Spell check XML files without VIM syntax problems

I’ve been using XMLMind’s XML Editor lately to write some documentation in the Docbook XML format. The editor has very good support and I’m very glad to be using it. There’s one catch though, and it’s to do with the spell check support. XMLMind have implemented their own system for which there are no Greek dictionaries available. Not having the time to go and create one myself I looked at other solutions.

I have the Hunspell dictionaries on my system anyway but the command line program that comes with Hunspell garbles Greek characters in the terminal. I don’t know what that’s about and Google didn’t come up with any quick solutions. So my next try was using spell check support in VIM 7 and after a bit of trial and error I’m happy with the result. So here’s what I did:

  1. Download a Myspell compatible Greek dictionary word list and affix file, either the original one by Steve Stavropoulos or the one by Dimitrios Gianitsaros which combines the Greek words and English words as well as provides for Greek fully capitalized words with no accents.
  2. :mkspell el /path/to/hunspell/dictionaries/el_GR
  3. make sure the resulting .spl file gets copied to ~/.vim/spell
  4. create the file ~/.vim/after/syntax/xml.vim as described below.
  5. Open an XML file and execute :set spell spelllang=el,en or something to that effect.

One little problem with spell checking XML files in VIM is that the syntax highlighting interferes in a sub-optimal way. For example by default the text content of elements is not spell checked. Another example is that URL’s in href and xmlns attributes are reported as mistakes. These problems can be solved by the following syntax commands:

syn match xmlHref +href="[^"]*"+ contained contains=xmlAttrib,@NoSpell
syn match xmlXmlns +xmlns\(:[a-z]*\)\?="[^"]*"+ contained contains=xmlAttrib,@NoSpell
syn cluster xmlStartTagHook add=xmlHref
syn cluster xmlStartTagHook add=xmlXmlns
syn spell toplevel

Now you should be good to go with spell checking XML in VIM. Another little detail about my work-flow is that I have configured gvim as a helper application in XMLMind XML Editor and that permits me to type “Ctrl-Shift-D” while editing an XML file and get the file opened in VIM ready to be spell checked. After my corrections the file is reloaded in the XML editor.
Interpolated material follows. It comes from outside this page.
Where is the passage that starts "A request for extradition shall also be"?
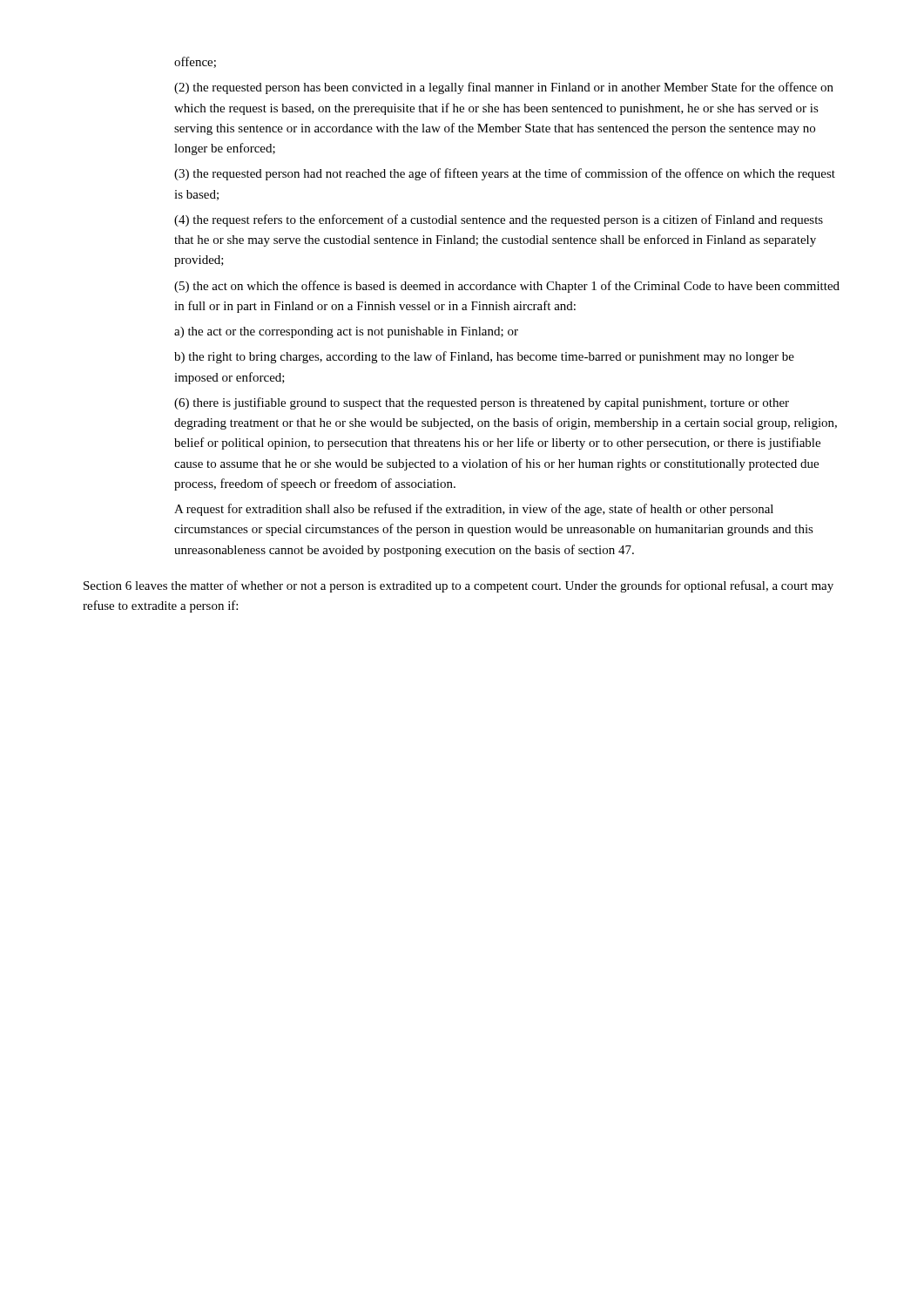924x1307 pixels. coord(494,529)
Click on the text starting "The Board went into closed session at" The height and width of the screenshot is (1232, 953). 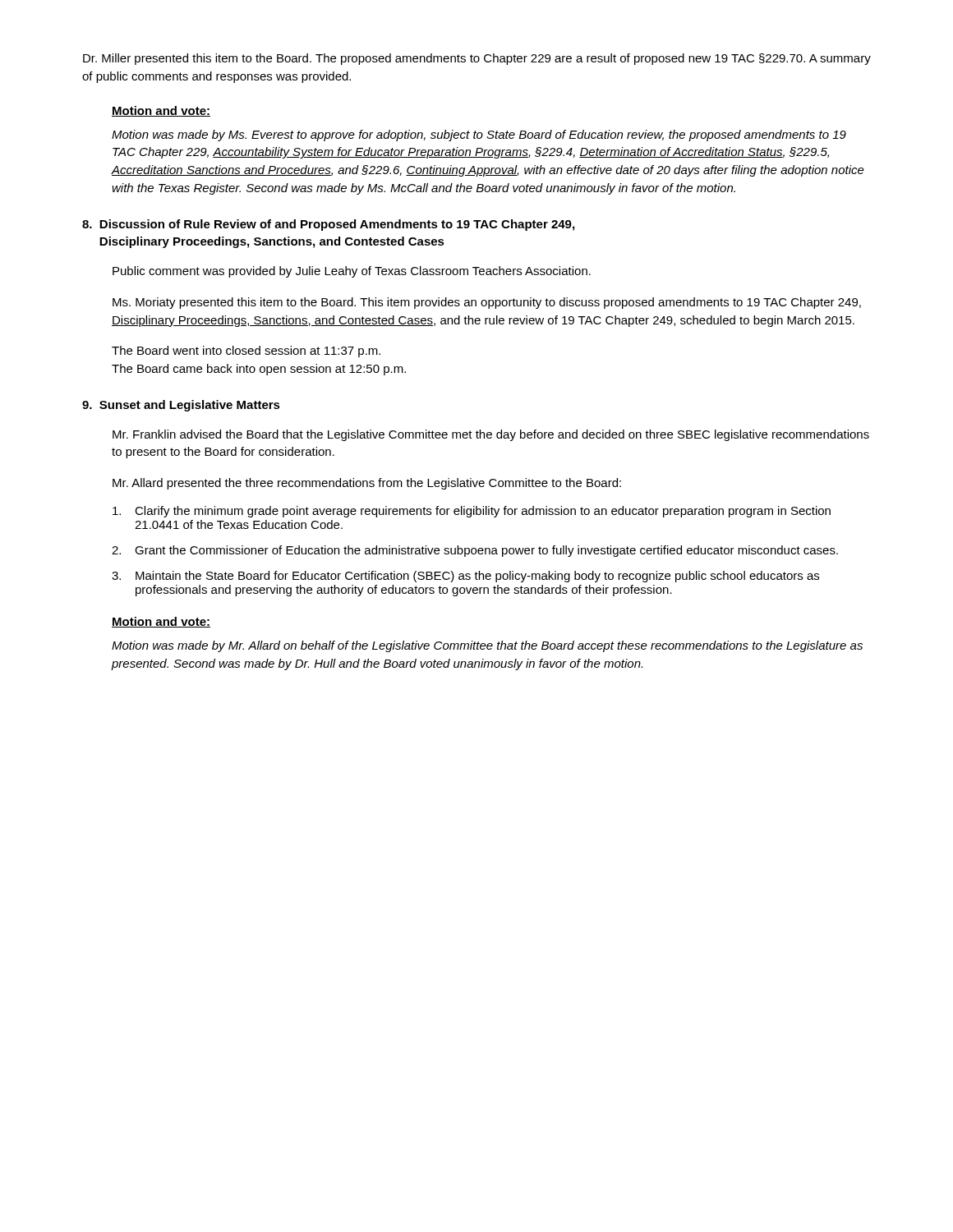246,352

how to insert any unicode character over VNC

Been using GRNET’s ViMA service a lot lately and sometimes it happens while using a vm’s console via VNC that I need to input a unicode character in a file. The VNC viewer applet that is provided, as well as any vncviewer I’ve tried can’t seem to manage inputing these characters directly via the keyboard. Here’s how I do it:

  1. Install Vim on the vm with apt-get, yum or whatever

  2. Localy find the unicode codepoint of the desired character:

    echo "Ψ" | iconv -f utf-8 -t iso8859-1 --unicode-subst="<U+%04X>"

    In this case it prints <U+03A8>

  3. Open the file you want to input into on the vm with vim.
  4. In input mode, type Control-V, u, and the four hexadecimal digits (i.e. 0,3,A and 8)
  5. Viola!

using forward slash in unix filenames

Ok, I was automating the creation of some ogg files based on title’s appearing in a text file. Doing it myself, with mplayer and oggenc, I hadn’t taken into account many of the caveats that preexisting ripping/encoding tools take care of, like the problem of forward slashes in filenames stored on a unix filesystem. But the good thing with doing it yourself is that you don’t have to automatically adopt the presuppositions that appear in preexisting tools.

One such presupposition is that you have to replace special characters in filenames, like quotes or forward slashes, so that they can be accessible to shell users. Well I have to say that shells and file managers are pretty advanced these days and you don’t really have to replace anything anymore. The only exception is forward slashes, which absolutely cannot appear in a filename on a unix system. Most tools replace the slash with an underscore character. I find that kind of lame.

In Unicode, forward slash is the character ‘SOLIDUS’ (U+002F), although according to wikipedia, calling the http://en.wikipedia.org/wiki/Slash_(punctuation) ‘solidus’ “contradicts long-established English typesetting terminology”.

So, since replacement of the slash is required in filenames, we can keep the visual nature of the forward slash by using the typographic solidus character as a replacement, which in unicode is called ‘SOLIDUS’ (U+002F). Here is the difference between the two (in the typeface your browser is using):

Slash (U+002f) Solidus (U+2044)

In VIM you can input the solidus by typing Ctrl+V, u, 2044 in command mode.